What is required: Your answer needs to include each line of the records in which the string "computer" can be found.
+ + + + +
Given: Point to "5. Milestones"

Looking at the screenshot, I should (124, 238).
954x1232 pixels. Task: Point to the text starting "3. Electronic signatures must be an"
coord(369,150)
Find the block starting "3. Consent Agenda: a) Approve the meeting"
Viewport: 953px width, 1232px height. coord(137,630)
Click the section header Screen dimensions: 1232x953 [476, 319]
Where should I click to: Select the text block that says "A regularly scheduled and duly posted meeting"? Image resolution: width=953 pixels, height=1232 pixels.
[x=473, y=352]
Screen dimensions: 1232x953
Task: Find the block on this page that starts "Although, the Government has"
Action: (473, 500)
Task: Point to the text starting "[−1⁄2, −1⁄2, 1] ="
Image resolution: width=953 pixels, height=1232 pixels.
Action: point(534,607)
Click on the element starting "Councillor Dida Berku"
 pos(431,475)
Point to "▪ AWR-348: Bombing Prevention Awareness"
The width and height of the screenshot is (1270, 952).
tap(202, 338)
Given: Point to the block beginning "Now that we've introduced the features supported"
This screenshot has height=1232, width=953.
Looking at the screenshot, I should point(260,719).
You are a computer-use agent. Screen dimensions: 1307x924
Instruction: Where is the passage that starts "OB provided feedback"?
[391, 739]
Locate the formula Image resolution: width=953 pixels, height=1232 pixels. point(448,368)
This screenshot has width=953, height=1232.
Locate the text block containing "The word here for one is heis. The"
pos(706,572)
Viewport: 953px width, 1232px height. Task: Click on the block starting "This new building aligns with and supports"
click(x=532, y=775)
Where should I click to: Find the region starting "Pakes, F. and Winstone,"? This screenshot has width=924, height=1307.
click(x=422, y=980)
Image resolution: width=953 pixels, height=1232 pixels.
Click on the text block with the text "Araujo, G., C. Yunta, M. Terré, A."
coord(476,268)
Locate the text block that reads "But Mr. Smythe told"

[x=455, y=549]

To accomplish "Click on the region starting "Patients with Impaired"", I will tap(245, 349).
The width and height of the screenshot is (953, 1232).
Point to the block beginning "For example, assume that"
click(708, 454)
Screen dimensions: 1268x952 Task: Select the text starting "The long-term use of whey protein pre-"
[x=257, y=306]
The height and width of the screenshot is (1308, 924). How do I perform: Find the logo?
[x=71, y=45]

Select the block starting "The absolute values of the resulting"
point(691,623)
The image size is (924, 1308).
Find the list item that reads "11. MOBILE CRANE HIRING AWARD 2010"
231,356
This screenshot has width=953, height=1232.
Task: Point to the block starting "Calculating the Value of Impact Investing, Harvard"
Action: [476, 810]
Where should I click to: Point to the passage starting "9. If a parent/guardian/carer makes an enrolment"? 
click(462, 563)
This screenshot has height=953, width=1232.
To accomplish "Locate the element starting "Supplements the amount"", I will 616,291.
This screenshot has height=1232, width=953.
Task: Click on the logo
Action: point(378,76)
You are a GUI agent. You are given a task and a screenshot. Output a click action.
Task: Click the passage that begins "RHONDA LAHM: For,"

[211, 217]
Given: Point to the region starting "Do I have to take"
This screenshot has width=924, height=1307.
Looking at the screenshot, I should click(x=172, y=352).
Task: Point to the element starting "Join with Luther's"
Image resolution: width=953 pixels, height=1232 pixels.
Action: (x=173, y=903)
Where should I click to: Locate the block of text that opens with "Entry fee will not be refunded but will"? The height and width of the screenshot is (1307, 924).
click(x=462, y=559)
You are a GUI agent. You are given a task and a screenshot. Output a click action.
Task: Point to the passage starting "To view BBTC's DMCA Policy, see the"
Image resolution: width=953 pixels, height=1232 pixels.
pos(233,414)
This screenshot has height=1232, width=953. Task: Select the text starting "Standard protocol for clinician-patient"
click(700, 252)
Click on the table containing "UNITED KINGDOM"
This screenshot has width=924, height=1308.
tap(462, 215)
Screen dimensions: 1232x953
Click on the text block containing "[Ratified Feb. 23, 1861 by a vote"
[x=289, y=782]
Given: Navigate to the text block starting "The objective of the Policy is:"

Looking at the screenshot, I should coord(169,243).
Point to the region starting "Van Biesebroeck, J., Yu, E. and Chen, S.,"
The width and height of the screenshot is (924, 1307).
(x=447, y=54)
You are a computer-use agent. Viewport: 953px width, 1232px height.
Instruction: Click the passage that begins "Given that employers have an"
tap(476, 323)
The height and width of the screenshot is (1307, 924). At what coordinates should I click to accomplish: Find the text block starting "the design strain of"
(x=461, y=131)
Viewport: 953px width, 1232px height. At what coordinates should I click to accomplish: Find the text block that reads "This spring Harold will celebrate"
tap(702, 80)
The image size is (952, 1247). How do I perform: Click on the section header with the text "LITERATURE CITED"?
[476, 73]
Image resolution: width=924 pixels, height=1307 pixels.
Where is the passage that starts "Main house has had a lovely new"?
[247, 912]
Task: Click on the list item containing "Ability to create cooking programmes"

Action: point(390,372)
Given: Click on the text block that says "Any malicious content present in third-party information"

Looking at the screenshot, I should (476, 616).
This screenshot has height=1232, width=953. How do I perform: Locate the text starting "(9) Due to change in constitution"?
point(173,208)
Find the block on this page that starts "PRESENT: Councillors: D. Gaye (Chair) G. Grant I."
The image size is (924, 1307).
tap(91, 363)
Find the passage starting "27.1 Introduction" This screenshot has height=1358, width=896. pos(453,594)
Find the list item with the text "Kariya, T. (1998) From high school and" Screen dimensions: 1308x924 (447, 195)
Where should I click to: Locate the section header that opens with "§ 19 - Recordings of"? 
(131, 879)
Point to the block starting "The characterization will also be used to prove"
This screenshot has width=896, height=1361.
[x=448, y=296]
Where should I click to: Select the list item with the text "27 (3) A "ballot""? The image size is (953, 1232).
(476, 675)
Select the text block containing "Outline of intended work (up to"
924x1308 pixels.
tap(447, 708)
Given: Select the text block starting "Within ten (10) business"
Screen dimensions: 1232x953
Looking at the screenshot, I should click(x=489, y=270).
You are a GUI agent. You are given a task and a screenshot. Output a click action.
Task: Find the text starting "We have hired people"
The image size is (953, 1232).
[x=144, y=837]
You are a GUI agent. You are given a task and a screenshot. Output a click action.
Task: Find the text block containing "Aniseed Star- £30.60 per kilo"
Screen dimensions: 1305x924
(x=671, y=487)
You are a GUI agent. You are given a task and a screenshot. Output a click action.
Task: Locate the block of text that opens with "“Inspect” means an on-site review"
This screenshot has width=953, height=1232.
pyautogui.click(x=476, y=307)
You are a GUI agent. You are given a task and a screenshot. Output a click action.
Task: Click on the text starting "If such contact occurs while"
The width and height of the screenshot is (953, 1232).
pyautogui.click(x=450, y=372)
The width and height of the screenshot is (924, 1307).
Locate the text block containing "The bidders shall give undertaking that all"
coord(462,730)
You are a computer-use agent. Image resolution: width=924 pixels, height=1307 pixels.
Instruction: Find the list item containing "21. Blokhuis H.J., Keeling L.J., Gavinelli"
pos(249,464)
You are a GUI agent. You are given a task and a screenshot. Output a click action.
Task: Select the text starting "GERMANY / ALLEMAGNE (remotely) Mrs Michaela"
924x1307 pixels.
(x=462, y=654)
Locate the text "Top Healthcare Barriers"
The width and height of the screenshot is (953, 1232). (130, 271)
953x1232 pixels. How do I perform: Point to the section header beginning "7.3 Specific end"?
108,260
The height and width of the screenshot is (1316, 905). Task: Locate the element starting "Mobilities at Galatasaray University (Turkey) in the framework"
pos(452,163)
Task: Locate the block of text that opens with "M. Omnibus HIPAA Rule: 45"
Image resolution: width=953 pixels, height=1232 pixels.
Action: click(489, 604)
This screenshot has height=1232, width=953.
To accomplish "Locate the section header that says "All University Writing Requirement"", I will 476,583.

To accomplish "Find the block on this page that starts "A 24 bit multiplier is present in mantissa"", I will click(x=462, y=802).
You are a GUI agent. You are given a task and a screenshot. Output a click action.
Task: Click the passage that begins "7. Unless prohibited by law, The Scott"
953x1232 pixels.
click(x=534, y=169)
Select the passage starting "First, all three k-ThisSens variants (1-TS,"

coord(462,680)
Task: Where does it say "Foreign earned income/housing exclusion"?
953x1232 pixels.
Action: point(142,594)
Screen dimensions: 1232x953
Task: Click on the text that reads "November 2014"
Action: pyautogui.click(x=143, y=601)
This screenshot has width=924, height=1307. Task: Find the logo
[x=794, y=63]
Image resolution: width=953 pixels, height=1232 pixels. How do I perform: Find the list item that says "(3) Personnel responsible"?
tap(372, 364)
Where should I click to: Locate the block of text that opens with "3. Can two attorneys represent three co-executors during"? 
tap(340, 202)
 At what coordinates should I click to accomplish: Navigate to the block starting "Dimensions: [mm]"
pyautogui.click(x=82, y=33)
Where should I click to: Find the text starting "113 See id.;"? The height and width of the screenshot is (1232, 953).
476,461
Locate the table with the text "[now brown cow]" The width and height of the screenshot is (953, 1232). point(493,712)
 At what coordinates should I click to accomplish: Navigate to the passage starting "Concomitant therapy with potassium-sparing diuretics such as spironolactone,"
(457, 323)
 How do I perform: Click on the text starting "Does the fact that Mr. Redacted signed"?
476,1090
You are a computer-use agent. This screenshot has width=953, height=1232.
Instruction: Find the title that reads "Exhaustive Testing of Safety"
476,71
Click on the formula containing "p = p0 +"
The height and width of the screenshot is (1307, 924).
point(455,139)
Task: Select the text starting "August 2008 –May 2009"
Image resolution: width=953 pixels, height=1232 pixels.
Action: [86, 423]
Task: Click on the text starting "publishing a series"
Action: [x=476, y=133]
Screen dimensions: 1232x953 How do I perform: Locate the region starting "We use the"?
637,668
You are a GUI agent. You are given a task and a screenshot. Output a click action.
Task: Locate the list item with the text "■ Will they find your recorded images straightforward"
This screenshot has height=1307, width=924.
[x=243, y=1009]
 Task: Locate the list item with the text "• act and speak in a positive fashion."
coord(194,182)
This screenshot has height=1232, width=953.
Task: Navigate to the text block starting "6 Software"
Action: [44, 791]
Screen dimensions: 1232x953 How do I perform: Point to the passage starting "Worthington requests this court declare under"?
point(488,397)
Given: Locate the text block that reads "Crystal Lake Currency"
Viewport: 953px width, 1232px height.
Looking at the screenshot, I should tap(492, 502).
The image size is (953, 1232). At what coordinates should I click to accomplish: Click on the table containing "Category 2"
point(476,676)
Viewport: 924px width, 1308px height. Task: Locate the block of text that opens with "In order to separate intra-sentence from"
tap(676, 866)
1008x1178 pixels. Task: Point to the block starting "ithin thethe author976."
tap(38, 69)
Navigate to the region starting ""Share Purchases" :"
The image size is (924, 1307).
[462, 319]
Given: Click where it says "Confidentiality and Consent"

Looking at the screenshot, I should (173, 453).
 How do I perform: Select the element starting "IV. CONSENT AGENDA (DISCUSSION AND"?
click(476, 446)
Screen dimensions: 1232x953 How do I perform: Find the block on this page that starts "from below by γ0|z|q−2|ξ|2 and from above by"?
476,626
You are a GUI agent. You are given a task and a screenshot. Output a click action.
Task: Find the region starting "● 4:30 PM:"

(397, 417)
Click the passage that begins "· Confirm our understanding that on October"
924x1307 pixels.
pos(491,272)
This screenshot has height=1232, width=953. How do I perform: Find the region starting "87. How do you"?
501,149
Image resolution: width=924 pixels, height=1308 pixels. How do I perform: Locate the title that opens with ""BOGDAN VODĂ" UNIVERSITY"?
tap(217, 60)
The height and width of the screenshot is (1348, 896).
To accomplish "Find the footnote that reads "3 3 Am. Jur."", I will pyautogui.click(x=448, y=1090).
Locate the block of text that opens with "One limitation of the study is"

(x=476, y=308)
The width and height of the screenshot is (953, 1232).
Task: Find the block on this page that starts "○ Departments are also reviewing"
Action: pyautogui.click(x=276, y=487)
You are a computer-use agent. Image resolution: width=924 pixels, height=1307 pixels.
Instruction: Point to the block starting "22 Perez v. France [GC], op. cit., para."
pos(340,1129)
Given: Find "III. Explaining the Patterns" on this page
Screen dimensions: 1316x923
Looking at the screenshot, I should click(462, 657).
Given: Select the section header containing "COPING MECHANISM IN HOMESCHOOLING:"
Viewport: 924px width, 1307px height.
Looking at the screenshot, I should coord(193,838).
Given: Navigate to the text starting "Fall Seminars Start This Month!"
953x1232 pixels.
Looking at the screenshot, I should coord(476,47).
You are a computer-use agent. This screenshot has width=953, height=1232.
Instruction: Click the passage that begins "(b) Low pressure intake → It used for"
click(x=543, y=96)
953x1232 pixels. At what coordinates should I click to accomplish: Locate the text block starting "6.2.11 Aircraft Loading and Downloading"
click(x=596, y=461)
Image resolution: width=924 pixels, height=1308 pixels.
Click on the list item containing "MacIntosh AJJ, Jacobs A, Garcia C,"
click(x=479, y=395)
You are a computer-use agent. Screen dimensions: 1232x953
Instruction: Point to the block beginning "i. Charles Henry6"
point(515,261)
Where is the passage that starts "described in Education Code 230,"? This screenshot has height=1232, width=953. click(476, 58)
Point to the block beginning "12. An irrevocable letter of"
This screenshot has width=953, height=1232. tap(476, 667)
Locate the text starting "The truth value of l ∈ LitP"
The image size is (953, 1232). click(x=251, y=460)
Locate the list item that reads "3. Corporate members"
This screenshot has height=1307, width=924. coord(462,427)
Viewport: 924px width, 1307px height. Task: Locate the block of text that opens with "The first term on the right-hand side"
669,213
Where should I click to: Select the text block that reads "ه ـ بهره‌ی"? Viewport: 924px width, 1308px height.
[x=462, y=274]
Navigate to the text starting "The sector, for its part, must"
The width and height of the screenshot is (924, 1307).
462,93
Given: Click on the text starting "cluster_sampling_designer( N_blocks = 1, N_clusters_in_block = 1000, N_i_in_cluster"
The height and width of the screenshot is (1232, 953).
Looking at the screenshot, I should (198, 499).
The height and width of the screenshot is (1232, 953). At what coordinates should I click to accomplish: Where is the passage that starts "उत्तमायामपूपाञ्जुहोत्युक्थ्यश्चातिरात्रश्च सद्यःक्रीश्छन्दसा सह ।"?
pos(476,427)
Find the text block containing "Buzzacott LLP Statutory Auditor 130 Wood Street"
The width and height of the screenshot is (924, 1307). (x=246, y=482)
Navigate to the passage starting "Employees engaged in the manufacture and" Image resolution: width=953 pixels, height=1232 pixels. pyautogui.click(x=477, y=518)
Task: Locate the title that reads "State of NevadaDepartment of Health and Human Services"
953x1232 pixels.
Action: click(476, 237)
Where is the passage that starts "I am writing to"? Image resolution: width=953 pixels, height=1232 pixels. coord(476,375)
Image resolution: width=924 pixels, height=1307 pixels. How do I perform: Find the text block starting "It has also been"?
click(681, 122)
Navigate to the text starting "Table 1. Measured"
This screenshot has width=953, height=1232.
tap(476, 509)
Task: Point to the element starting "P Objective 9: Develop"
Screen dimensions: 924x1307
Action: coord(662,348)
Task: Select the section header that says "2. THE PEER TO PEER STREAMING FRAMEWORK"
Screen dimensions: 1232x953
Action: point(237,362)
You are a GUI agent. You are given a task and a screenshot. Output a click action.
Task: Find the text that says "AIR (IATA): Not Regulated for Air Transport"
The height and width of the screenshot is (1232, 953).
+ + + + +
Task output:
You are a computer-use agent. Screen dimensions: 1307x924
You are a computer-use agent. Viewport: 953px width, 1232px height.
You are a computer-use agent. Image resolution: width=924 pixels, height=1307 pixels.
You are a computer-use agent. This screenshot has width=953, height=1232.
You are a computer-use agent. Image resolution: width=924 pixels, height=1307 pixels.
You are a computer-use agent. This screenshot has width=953, height=1232.
You are a computer-use agent. Screen dimensions: 1232x953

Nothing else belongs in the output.